» **Exercise details**: Go to the line containing "- water shoe [491,213,504,227]" in the records below and print it and every following line exactly, on through the line containing "#2 turtle figurine from (187, 0) to (229, 36)", then stop.

□ □ □ □ □

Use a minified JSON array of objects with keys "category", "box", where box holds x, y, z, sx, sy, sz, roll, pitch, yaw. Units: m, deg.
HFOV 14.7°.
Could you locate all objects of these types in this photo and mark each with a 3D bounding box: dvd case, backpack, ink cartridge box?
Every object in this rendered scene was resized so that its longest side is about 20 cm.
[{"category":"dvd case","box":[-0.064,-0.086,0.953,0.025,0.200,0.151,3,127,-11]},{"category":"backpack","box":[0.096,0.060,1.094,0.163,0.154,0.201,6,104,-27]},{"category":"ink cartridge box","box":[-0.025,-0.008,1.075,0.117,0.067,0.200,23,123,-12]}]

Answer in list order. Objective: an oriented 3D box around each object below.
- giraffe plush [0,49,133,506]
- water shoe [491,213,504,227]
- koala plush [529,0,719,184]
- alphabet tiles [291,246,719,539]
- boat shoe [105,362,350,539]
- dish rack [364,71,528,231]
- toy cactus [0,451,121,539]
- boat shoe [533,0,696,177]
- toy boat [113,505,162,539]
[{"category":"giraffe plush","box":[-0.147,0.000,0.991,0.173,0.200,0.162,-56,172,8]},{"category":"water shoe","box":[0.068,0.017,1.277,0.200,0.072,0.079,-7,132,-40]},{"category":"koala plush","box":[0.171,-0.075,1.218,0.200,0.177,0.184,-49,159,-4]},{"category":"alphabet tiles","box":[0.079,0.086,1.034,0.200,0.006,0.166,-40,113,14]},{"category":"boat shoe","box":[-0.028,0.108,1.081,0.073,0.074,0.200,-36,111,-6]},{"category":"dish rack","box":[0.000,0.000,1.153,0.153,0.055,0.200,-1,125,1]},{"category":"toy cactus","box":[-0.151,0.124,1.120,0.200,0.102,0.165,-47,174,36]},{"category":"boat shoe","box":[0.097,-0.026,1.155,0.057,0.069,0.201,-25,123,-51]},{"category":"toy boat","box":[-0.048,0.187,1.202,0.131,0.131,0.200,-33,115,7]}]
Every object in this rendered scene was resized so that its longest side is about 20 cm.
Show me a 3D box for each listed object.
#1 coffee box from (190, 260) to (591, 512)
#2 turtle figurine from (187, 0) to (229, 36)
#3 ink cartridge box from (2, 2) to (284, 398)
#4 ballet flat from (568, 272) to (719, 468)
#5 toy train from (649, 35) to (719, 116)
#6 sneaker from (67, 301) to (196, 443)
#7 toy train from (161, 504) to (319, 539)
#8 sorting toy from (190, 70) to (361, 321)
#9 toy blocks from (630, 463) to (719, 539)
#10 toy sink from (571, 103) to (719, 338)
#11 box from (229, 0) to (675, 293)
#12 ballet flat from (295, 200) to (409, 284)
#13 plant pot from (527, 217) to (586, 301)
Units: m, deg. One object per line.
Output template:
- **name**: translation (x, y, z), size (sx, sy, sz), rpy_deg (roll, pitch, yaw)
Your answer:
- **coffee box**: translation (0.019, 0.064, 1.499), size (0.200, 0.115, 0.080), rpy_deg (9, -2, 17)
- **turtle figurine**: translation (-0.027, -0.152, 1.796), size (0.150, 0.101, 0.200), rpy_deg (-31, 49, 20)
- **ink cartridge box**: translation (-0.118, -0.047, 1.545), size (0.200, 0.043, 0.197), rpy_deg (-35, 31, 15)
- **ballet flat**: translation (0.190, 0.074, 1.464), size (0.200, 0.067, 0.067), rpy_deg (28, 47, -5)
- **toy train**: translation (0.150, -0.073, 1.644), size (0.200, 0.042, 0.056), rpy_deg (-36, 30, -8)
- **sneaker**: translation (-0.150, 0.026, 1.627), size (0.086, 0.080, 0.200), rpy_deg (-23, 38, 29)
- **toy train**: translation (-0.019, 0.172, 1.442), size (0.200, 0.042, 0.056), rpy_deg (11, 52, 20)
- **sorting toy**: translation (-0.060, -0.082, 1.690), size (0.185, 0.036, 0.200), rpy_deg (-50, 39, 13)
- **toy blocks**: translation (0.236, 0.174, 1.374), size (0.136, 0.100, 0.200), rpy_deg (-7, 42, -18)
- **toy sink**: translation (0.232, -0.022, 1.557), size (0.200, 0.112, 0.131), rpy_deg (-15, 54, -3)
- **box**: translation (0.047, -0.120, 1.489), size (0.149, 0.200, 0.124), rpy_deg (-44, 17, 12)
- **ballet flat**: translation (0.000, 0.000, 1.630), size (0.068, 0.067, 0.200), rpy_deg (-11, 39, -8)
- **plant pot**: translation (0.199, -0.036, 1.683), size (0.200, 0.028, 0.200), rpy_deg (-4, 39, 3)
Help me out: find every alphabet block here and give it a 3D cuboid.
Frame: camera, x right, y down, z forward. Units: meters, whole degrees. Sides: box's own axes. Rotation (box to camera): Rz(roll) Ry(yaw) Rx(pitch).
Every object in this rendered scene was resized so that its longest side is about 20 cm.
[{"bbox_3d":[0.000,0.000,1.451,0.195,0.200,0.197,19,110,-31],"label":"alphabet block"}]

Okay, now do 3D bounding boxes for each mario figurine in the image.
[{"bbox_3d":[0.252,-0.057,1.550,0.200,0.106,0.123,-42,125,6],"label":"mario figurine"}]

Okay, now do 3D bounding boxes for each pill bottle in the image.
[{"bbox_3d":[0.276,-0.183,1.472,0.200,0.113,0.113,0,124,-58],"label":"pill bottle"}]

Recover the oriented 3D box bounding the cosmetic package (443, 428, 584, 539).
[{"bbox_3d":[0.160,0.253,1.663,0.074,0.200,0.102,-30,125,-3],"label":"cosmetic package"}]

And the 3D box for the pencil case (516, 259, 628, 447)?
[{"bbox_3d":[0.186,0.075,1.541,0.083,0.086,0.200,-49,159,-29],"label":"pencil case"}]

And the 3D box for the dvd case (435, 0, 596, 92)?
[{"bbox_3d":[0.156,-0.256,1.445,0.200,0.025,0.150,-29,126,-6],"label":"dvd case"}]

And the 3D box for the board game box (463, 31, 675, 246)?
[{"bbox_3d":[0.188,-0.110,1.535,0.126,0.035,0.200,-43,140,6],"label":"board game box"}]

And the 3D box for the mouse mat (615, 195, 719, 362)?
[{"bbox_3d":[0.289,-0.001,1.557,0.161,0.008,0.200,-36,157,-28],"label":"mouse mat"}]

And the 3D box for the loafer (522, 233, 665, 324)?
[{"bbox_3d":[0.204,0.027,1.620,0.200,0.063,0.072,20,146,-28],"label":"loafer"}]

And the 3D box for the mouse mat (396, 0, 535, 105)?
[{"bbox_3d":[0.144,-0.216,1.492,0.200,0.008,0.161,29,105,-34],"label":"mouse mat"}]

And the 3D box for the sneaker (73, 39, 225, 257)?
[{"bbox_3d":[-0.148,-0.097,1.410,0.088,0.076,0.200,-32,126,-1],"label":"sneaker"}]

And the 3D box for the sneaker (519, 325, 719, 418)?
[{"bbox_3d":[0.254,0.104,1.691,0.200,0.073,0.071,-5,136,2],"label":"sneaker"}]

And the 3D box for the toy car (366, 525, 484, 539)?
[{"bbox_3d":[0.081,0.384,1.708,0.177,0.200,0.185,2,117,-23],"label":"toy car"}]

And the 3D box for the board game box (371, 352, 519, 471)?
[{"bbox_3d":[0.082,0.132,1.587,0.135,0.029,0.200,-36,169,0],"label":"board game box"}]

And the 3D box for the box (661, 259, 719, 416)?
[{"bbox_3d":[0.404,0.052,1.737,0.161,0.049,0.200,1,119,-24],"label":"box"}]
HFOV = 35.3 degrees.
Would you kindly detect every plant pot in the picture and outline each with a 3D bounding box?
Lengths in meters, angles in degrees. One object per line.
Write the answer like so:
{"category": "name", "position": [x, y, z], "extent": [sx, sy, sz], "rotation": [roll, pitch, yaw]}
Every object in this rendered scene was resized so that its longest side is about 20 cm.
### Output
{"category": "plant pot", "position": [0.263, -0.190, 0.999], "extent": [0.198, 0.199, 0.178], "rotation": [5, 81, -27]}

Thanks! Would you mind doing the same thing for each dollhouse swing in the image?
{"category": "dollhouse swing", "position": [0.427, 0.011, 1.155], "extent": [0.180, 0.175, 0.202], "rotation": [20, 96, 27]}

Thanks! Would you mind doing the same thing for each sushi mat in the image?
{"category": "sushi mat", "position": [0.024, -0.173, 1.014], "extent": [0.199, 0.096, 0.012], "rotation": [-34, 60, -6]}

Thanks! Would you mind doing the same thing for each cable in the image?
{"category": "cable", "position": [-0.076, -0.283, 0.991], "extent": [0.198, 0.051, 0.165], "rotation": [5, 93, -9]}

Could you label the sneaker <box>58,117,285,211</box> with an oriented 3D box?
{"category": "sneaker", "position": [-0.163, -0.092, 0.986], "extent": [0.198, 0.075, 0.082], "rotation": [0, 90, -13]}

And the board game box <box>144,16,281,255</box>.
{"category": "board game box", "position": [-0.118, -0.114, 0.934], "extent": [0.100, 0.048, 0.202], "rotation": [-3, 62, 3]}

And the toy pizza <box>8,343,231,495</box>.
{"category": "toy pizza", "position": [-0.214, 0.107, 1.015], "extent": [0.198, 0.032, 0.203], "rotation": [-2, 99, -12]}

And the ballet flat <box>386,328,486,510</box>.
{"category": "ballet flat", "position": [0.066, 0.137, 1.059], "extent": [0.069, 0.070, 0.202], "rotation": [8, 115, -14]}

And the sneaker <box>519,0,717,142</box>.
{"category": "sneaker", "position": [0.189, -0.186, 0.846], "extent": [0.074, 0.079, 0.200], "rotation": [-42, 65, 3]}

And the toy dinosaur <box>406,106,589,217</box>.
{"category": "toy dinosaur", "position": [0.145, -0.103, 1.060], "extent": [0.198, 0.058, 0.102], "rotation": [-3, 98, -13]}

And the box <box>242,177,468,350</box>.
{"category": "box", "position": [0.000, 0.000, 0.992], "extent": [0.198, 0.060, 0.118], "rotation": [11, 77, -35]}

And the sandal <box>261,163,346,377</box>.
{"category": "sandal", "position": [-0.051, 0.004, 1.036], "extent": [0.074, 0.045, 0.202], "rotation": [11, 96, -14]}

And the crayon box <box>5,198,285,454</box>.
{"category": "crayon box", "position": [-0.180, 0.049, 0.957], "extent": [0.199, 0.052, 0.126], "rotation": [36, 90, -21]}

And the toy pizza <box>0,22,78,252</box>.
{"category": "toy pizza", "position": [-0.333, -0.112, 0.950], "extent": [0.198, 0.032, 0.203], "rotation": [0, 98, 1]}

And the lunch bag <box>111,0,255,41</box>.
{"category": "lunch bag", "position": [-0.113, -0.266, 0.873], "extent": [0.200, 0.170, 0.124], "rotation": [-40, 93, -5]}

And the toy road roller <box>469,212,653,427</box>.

□ □ □ □ □

» **Written solution**:
- water shoe [491,213,504,227]
- koala plush [529,0,719,184]
- alphabet tiles [291,246,719,539]
- boat shoe [105,362,350,539]
- dish rack [364,71,528,231]
- toy cactus [0,451,121,539]
- boat shoe [533,0,696,177]
- toy boat [113,505,162,539]
[{"category":"giraffe plush","box":[-0.147,0.000,0.991,0.173,0.200,0.162,-56,172,8]},{"category":"water shoe","box":[0.068,0.017,1.277,0.200,0.072,0.079,-7,132,-40]},{"category":"koala plush","box":[0.171,-0.075,1.218,0.200,0.177,0.184,-49,159,-4]},{"category":"alphabet tiles","box":[0.079,0.086,1.034,0.200,0.006,0.166,-40,113,14]},{"category":"boat shoe","box":[-0.028,0.108,1.081,0.073,0.074,0.200,-36,111,-6]},{"category":"dish rack","box":[0.000,0.000,1.153,0.153,0.055,0.200,-1,125,1]},{"category":"toy cactus","box":[-0.151,0.124,1.120,0.200,0.102,0.165,-47,174,36]},{"category":"boat shoe","box":[0.097,-0.026,1.155,0.057,0.069,0.201,-25,123,-51]},{"category":"toy boat","box":[-0.048,0.187,1.202,0.131,0.131,0.200,-33,115,7]}]
Every object in this rendered scene was resized so that its longest side is about 20 cm.
Show me a 3D box for each listed object.
#1 coffee box from (190, 260) to (591, 512)
#2 turtle figurine from (187, 0) to (229, 36)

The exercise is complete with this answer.